Difficult to say, will depend on how much you’ll like/hate the learning curve. OT is doable if put in the work, but it needs that work. Digitakt is first of all also quite capable, and second way more affordable second hand. And really quick and fun to learn. So maybe start and try with the DT. It might prove enough, it might not. For live the OT is definitely better, but it’ll take more time to come to grips with it to play it live comfortably, compared to DT.


As a drum machine, DT is much faster / easier to start from scratch. With OT you can make drum kits in sliced sample chain.

OT is much better for recordings. 8m28s max vs 33s for DT. And you can use it as a looper.
You can go much further and finish a song with it.


This is a good point. For what you intend to do, is 33seconds enough as max sampling length, or do you imagine needing longer stems/recordings?

1 Like

In general, apart from the specific 33seconds sampling limit of the DT, I’d personally also say the DT feels more like it’s supposed to play/sample one-shots; vs. OT that’s fine at one-shots but also does quite naturally play/record longer loops, lóng background samples/stems/pads/noise, etc.


Yes, record a loop with DT requires editing.
All recordings are automatically normalized.
That can be problematic if you record an instrument, dynamic is not repected.

You can record perfect loops with OT without effort, played directly as soon as the recording starts, which means you can mangle incoming audio directly. Impossible with DT.


I don’t have an Octatrack, but get a ton of mileage out of my Digitakt. While it’s definitely said to be simpler and more streamlined, I understand it has fewer barriers to making something that sounds good, relatively quickly – can tap out a quick drum beat and build from there, layering over other samples and effects.

If longer samples and live performance is going to be foundational to your music, however, I’d consider the Octatrack. I find with conditional trigs and soundlocks you can get a lot out of the DT, and work around the limitations to some extent.

Some have said the Digitakt has a much “cleaner” and Hi-Fi sound. Whether that’s a good thing or not amounts to personal taste.


Thank you all for these insightfull replies already.

Well, the learning curves scares + excites me at the same time.
I don’t really have a musical background, main focus has always been vocals/backflip combinations. :wink:

I just feel the OT will open up more gates to worlds I want to explore some day.
For example, techno - Honestly I have no idea how I’d start out on a track today, but can’t wait to give it a try, if you catch my drift.

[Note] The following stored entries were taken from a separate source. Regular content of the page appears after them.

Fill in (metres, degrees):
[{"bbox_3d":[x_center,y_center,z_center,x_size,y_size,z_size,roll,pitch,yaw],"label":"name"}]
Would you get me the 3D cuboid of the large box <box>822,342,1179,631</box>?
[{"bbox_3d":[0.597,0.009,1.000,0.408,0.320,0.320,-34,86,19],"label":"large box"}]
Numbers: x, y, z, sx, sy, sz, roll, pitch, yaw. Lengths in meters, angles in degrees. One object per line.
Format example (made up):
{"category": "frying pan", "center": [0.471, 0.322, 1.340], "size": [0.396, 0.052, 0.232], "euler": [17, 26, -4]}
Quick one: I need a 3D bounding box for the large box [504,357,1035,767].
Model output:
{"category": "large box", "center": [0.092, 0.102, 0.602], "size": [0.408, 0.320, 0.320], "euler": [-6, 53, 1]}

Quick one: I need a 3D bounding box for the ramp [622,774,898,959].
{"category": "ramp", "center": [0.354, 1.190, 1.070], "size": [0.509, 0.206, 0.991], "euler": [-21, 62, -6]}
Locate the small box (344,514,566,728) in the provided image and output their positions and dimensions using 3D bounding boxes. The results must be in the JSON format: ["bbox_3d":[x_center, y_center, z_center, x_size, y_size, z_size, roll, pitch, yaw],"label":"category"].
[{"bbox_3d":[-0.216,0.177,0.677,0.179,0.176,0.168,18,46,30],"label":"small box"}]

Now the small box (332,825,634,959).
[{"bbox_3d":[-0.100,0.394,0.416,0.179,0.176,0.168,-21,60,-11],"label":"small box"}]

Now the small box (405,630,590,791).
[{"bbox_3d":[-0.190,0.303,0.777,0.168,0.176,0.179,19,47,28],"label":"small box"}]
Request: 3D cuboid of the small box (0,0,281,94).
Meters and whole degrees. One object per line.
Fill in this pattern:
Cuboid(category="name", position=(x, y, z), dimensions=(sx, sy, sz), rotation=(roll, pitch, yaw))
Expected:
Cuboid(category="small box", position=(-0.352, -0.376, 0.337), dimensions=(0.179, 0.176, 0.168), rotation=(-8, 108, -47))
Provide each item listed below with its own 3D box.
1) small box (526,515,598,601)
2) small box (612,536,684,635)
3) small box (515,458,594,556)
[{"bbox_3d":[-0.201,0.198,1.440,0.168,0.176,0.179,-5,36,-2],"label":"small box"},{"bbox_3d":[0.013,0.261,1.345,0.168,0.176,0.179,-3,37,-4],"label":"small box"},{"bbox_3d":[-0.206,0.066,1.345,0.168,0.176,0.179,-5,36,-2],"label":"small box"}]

The 33s sample length might be an issue tho.
Also, from what I understand - OT has much more internal storage. Wich could prove necessary if I ever want to put it to use in multiple projects…
the pricing is the biggest hurdle, but I have a chance at buying a nearly new second hand one for only €150 more dan the DT, so kinda feel like I have to decide soon.

I also have to admit, this digital world is kinda new to me. I have a good feel for technology and computers, so I guess I’ll manage. But n00b question, can I make a beat with the OT out of the box? Or do I need to go beg my drummer friends for sample packs? :smiley:
Will my Zoom recorder suffice to sample field recordings. Will my microbrute + shitload of pedals suffice to make some interesting sounds? So many questions hehehe…

I literally feel like I’m inside a toy store and have to decide on Christmas presents. It’s exciting.

1 Like

You are probably asking this question for the 9000th, but I’m surprised still no one is talking about Sampling Quality between those two.

Has anyone watched this yet? I suggest listen with Studio Headphones or Monitors to find out the answer in the video.

1 Like

Yes, I understand the Octatrack does have some factory samples installed in it. That said, it won’t take you very long to want to fill the machine with third party samples. I highly recommend loading up on the classic drum machines via Samples from Mars. You’ll get a huge variety of sounds you can use, and the quality of their recordings is top-shelf. I’ll note they have a Black Friday sale on their drums bundle today, in case you’re looking to save some coin :).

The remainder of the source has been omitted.